["OUR HERO."]

A TALE OF THE FRANCO-ENGLISH WAR NINETY YEARS AGO.

By AGNES GIBERNE, Author of "Sun, Moon and Stars," "The Girl at the Dower House," etc.

CHAPTER V.

A MILITARY NURSE.

Colonel Baron might not confess the fact in so many words, but before he had been three days in Paris, he was sorely regretting his own action in taking Roy across the Channel.

Had he admitted that it really was his wife's persistency, overbearing his better judgment, which had settled the matter, he might have been tempted to blame her. But even to himself he did not admit this.
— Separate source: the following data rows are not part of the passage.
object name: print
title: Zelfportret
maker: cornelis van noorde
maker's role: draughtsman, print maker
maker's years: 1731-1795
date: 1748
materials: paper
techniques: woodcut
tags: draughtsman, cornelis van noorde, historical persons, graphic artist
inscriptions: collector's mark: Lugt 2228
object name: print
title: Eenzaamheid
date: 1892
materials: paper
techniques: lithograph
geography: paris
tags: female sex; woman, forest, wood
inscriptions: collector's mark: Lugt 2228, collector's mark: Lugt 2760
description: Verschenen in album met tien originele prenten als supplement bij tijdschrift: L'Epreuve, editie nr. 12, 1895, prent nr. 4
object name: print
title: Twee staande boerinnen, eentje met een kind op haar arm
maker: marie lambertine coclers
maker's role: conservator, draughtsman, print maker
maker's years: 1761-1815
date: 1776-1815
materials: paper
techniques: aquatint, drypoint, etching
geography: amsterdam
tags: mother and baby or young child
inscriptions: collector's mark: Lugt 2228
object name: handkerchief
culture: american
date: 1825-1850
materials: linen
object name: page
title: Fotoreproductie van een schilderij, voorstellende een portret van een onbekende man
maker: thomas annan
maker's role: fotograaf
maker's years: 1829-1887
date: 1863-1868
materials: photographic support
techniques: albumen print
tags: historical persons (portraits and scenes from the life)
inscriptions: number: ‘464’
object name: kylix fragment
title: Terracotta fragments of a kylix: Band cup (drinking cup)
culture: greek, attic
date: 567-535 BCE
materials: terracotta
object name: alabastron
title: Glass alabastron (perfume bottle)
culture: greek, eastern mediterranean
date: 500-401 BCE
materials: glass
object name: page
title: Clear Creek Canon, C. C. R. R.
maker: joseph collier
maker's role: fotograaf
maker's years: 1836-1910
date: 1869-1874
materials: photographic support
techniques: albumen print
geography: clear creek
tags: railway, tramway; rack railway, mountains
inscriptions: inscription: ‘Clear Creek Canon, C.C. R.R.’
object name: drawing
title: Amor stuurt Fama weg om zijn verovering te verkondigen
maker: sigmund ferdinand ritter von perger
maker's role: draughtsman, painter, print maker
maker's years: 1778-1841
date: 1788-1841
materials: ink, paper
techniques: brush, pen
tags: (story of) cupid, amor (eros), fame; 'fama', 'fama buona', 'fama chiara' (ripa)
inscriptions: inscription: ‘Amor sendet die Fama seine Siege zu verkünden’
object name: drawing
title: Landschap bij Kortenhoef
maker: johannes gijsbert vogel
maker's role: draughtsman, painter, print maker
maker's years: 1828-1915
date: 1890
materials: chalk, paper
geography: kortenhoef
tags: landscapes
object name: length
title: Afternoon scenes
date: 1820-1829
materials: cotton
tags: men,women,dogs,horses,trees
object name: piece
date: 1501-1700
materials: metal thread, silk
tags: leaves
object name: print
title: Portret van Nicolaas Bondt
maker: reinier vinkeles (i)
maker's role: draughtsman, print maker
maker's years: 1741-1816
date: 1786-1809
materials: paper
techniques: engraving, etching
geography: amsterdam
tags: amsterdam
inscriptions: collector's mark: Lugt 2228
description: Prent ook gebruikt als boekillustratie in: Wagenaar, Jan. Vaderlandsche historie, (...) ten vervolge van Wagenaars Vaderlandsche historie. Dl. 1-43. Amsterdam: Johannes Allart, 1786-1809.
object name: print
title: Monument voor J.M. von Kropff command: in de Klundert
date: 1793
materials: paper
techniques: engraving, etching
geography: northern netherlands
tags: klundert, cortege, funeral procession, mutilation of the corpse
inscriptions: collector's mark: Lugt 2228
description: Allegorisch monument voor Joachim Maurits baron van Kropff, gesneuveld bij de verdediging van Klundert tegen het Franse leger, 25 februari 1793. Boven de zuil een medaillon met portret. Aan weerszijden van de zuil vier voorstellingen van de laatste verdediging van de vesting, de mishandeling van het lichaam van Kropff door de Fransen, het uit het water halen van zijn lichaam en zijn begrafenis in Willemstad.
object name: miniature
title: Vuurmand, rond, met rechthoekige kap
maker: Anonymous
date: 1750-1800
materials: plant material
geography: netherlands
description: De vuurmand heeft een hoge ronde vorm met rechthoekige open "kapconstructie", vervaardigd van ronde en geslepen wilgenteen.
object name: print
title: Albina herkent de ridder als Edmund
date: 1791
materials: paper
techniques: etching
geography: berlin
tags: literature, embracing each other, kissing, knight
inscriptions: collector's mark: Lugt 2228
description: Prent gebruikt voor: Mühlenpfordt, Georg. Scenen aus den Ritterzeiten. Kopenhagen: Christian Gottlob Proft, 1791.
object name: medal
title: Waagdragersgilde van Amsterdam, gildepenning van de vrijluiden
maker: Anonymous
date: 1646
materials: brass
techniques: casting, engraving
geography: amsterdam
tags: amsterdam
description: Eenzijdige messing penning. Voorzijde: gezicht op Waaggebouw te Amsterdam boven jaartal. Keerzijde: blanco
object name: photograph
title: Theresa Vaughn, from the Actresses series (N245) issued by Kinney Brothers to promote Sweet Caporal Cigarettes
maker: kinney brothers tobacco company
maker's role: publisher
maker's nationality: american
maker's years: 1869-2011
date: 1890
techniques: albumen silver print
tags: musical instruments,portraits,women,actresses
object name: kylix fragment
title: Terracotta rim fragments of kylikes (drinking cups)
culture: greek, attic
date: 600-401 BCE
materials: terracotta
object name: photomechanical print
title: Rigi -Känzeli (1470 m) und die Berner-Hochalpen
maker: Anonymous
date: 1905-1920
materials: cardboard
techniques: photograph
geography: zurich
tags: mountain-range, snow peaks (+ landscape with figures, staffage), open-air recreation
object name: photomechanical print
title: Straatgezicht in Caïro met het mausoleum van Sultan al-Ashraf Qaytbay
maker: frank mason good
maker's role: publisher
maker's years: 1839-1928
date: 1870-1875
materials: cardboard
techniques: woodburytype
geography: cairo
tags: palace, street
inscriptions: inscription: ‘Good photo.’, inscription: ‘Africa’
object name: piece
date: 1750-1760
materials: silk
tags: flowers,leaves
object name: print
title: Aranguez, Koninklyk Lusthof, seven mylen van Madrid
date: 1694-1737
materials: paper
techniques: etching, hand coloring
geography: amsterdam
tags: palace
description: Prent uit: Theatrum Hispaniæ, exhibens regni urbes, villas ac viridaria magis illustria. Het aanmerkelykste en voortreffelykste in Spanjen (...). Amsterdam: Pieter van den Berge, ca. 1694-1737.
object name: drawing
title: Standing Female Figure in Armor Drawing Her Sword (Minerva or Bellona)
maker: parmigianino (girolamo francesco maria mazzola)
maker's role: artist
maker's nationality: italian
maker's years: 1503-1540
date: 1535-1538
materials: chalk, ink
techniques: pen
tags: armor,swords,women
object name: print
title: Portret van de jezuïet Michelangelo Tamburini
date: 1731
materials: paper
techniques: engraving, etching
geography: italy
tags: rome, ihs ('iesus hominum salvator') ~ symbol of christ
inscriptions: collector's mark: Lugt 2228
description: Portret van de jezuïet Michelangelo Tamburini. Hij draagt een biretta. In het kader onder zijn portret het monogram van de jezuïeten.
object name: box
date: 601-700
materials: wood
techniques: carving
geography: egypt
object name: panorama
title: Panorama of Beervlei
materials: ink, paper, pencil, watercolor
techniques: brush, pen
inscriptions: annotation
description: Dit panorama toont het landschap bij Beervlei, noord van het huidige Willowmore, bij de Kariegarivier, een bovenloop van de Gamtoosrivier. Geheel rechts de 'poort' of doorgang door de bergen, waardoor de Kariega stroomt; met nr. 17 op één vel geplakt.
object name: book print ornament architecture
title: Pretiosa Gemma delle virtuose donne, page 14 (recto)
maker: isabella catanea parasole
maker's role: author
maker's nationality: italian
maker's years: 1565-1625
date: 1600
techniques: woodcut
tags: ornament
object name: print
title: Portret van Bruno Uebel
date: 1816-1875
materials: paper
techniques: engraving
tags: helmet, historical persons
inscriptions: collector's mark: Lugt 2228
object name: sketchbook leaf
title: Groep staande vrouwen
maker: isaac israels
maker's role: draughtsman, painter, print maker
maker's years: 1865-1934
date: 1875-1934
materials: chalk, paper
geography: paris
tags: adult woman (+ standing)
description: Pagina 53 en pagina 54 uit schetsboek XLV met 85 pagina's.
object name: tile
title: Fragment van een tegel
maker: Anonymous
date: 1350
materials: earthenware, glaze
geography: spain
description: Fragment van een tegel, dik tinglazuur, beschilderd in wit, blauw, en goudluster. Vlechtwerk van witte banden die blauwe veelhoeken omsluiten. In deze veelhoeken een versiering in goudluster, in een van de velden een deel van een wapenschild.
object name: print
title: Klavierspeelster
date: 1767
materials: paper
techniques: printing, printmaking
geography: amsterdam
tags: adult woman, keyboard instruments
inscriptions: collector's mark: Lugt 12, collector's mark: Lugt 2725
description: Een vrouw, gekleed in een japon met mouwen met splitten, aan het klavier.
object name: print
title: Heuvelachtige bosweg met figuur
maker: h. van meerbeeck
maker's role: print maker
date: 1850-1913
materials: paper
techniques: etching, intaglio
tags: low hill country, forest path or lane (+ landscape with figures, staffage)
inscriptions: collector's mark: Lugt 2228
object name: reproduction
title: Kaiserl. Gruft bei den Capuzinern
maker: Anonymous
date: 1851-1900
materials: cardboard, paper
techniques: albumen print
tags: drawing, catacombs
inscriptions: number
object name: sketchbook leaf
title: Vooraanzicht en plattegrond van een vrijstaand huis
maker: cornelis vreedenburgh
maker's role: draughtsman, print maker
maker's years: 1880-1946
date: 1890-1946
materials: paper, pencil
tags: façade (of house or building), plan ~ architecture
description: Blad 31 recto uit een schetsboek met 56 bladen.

Rather than confess that he had been managed by a woman, he preferred to look upon the mistake as entirely his own. Moreover, he was too devoted a husband to condemn openly any fault in his wife. She was, of course, a woman, and as such he would have counted it infra dig. on his part to have been controlled by her; but she was also in his eyes the fairest and most charming woman that ever had lived; and the one thing on earth before which the Colonel's courage failed was the sight of tears in his Harriette's large grey eyes.

That they should return home, as at first proposed, by the end of a fortnight, unless they were willing to leave the boy behind, was impossible; and neither of them would for a moment contemplate that idea. No matter how well Roy might get on, he would be a prisoner beyond the fortnight. Small-pox is a disease which "gangs its ain gait," and makes haste for no man's convenience. Even after actual recovery, there would still be need for quarantine.